* _Exercise directions_: Transcribe the entries exactly; images are not part of the copy.

* _Input data_:
◇ ◇ ◇
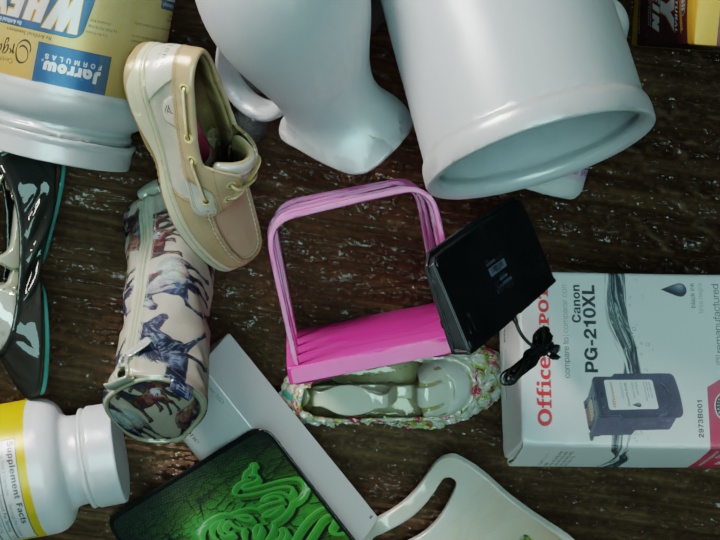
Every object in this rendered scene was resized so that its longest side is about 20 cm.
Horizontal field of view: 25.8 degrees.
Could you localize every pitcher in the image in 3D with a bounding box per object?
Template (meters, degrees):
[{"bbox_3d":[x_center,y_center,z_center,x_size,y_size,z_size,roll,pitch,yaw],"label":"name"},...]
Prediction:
[{"bbox_3d":[-0.063,-0.178,1.136,0.122,0.170,0.201,-53,137,-30],"label":"pitcher"}]

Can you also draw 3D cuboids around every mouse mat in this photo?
[{"bbox_3d":[-0.101,0.230,1.302,0.199,0.008,0.162,-33,100,29],"label":"mouse mat"}]

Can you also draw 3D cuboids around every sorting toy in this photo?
[{"bbox_3d":[0.087,0.258,1.323,0.199,0.107,0.181,-39,91,3],"label":"sorting toy"}]

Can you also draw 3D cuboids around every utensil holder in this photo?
[{"bbox_3d":[0.101,-0.174,1.122,0.168,0.170,0.203,-16,80,-1],"label":"utensil holder"}]

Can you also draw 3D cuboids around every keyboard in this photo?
[{"bbox_3d":[0.104,0.024,1.168,0.020,0.200,0.128,-21,95,29],"label":"keyboard"}]

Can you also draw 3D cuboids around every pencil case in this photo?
[{"bbox_3d":[-0.155,0.029,1.230,0.077,0.202,0.090,-11,142,13],"label":"pencil case"}]

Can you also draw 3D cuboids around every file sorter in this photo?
[{"bbox_3d":[0.000,0.000,1.226,0.137,0.200,0.127,-11,96,-2],"label":"file sorter"}]

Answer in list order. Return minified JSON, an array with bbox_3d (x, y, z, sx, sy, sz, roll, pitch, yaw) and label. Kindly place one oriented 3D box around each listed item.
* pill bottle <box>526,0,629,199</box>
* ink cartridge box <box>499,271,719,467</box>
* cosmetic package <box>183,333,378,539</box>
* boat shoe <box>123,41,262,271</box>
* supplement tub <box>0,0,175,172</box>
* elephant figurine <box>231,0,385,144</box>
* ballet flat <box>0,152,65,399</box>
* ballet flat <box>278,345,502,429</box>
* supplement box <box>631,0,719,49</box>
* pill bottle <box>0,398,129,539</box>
[{"bbox_3d":[0.150,-0.167,1.253,0.111,0.112,0.203,15,98,-5],"label":"pill bottle"},{"bbox_3d":[0.218,0.082,1.284,0.197,0.084,0.147,1,73,-3],"label":"ink cartridge box"},{"bbox_3d":[-0.080,0.155,1.297,0.082,0.051,0.201,-32,101,41],"label":"cosmetic package"},{"bbox_3d":[-0.112,-0.082,1.193,0.068,0.074,0.201,-1,131,28],"label":"boat shoe"},{"bbox_3d":[-0.219,-0.188,1.211,0.143,0.145,0.203,11,97,-5],"label":"supplement tub"},{"bbox_3d":[-0.037,-0.213,1.241,0.141,0.154,0.202,-30,113,-32],"label":"elephant figurine"},{"bbox_3d":[-0.282,0.001,1.267,0.068,0.068,0.203,5,86,-26],"label":"ballet flat"},{"bbox_3d":[0.031,0.103,1.309,0.197,0.064,0.077,-7,98,-3],"label":"ballet flat"},{"bbox_3d":[0.329,-0.234,1.210,0.194,0.200,0.135,3,98,-4],"label":"supplement box"},{"bbox_3d":[-0.291,0.165,1.274,0.197,0.111,0.113,-9,99,-3],"label":"pill bottle"}]
◇ ◇ ◇
* _Response_:
Every object in this rendered scene was resized so that its longest side is about 20 cm.
Horizontal field of view: 25.8 degrees.
Could you localize every pitcher in the image in 3D with a bounding box per object?
Template (meters, degrees):
[{"bbox_3d":[x_center,y_center,z_center,x_size,y_size,z_size,roll,pitch,yaw],"label":"name"},...]
Prediction:
[{"bbox_3d":[-0.063,-0.178,1.136,0.122,0.170,0.201,-53,137,-30],"label":"pitcher"}]

Can you also draw 3D cuboids around every mouse mat in this photo?
[{"bbox_3d":[-0.101,0.230,1.302,0.199,0.008,0.162,-33,100,29],"label":"mouse mat"}]

Can you also draw 3D cuboids around every sorting toy in this photo?
[{"bbox_3d":[0.087,0.258,1.323,0.199,0.107,0.181,-39,91,3],"label":"sorting toy"}]

Can you also draw 3D cuboids around every utensil holder in this photo?
[{"bbox_3d":[0.101,-0.174,1.122,0.168,0.170,0.203,-16,80,-1],"label":"utensil holder"}]

Can you also draw 3D cuboids around every keyboard in this photo?
[{"bbox_3d":[0.104,0.024,1.168,0.020,0.200,0.128,-21,95,29],"label":"keyboard"}]

Can you also draw 3D cuboids around every pencil case in this photo?
[{"bbox_3d":[-0.155,0.029,1.230,0.077,0.202,0.090,-11,142,13],"label":"pencil case"}]

Can you also draw 3D cuboids around every file sorter in this photo?
[{"bbox_3d":[0.000,0.000,1.226,0.137,0.200,0.127,-11,96,-2],"label":"file sorter"}]

Answer in list order. Return minified JSON, an array with bbox_3d (x, y, z, sx, sy, sz, roll, pitch, yaw) and label. Kindly place one oriented 3D box around each listed item.
* pill bottle <box>526,0,629,199</box>
* ink cartridge box <box>499,271,719,467</box>
* cosmetic package <box>183,333,378,539</box>
* boat shoe <box>123,41,262,271</box>
* supplement tub <box>0,0,175,172</box>
* elephant figurine <box>231,0,385,144</box>
* ballet flat <box>0,152,65,399</box>
* ballet flat <box>278,345,502,429</box>
* supplement box <box>631,0,719,49</box>
* pill bottle <box>0,398,129,539</box>
[{"bbox_3d":[0.150,-0.167,1.253,0.111,0.112,0.203,15,98,-5],"label":"pill bottle"},{"bbox_3d":[0.218,0.082,1.284,0.197,0.084,0.147,1,73,-3],"label":"ink cartridge box"},{"bbox_3d":[-0.080,0.155,1.297,0.082,0.051,0.201,-32,101,41],"label":"cosmetic package"},{"bbox_3d":[-0.112,-0.082,1.193,0.068,0.074,0.201,-1,131,28],"label":"boat shoe"},{"bbox_3d":[-0.219,-0.188,1.211,0.143,0.145,0.203,11,97,-5],"label":"supplement tub"},{"bbox_3d":[-0.037,-0.213,1.241,0.141,0.154,0.202,-30,113,-32],"label":"elephant figurine"},{"bbox_3d":[-0.282,0.001,1.267,0.068,0.068,0.203,5,86,-26],"label":"ballet flat"},{"bbox_3d":[0.031,0.103,1.309,0.197,0.064,0.077,-7,98,-3],"label":"ballet flat"},{"bbox_3d":[0.329,-0.234,1.210,0.194,0.200,0.135,3,98,-4],"label":"supplement box"},{"bbox_3d":[-0.291,0.165,1.274,0.197,0.111,0.113,-9,99,-3],"label":"pill bottle"}]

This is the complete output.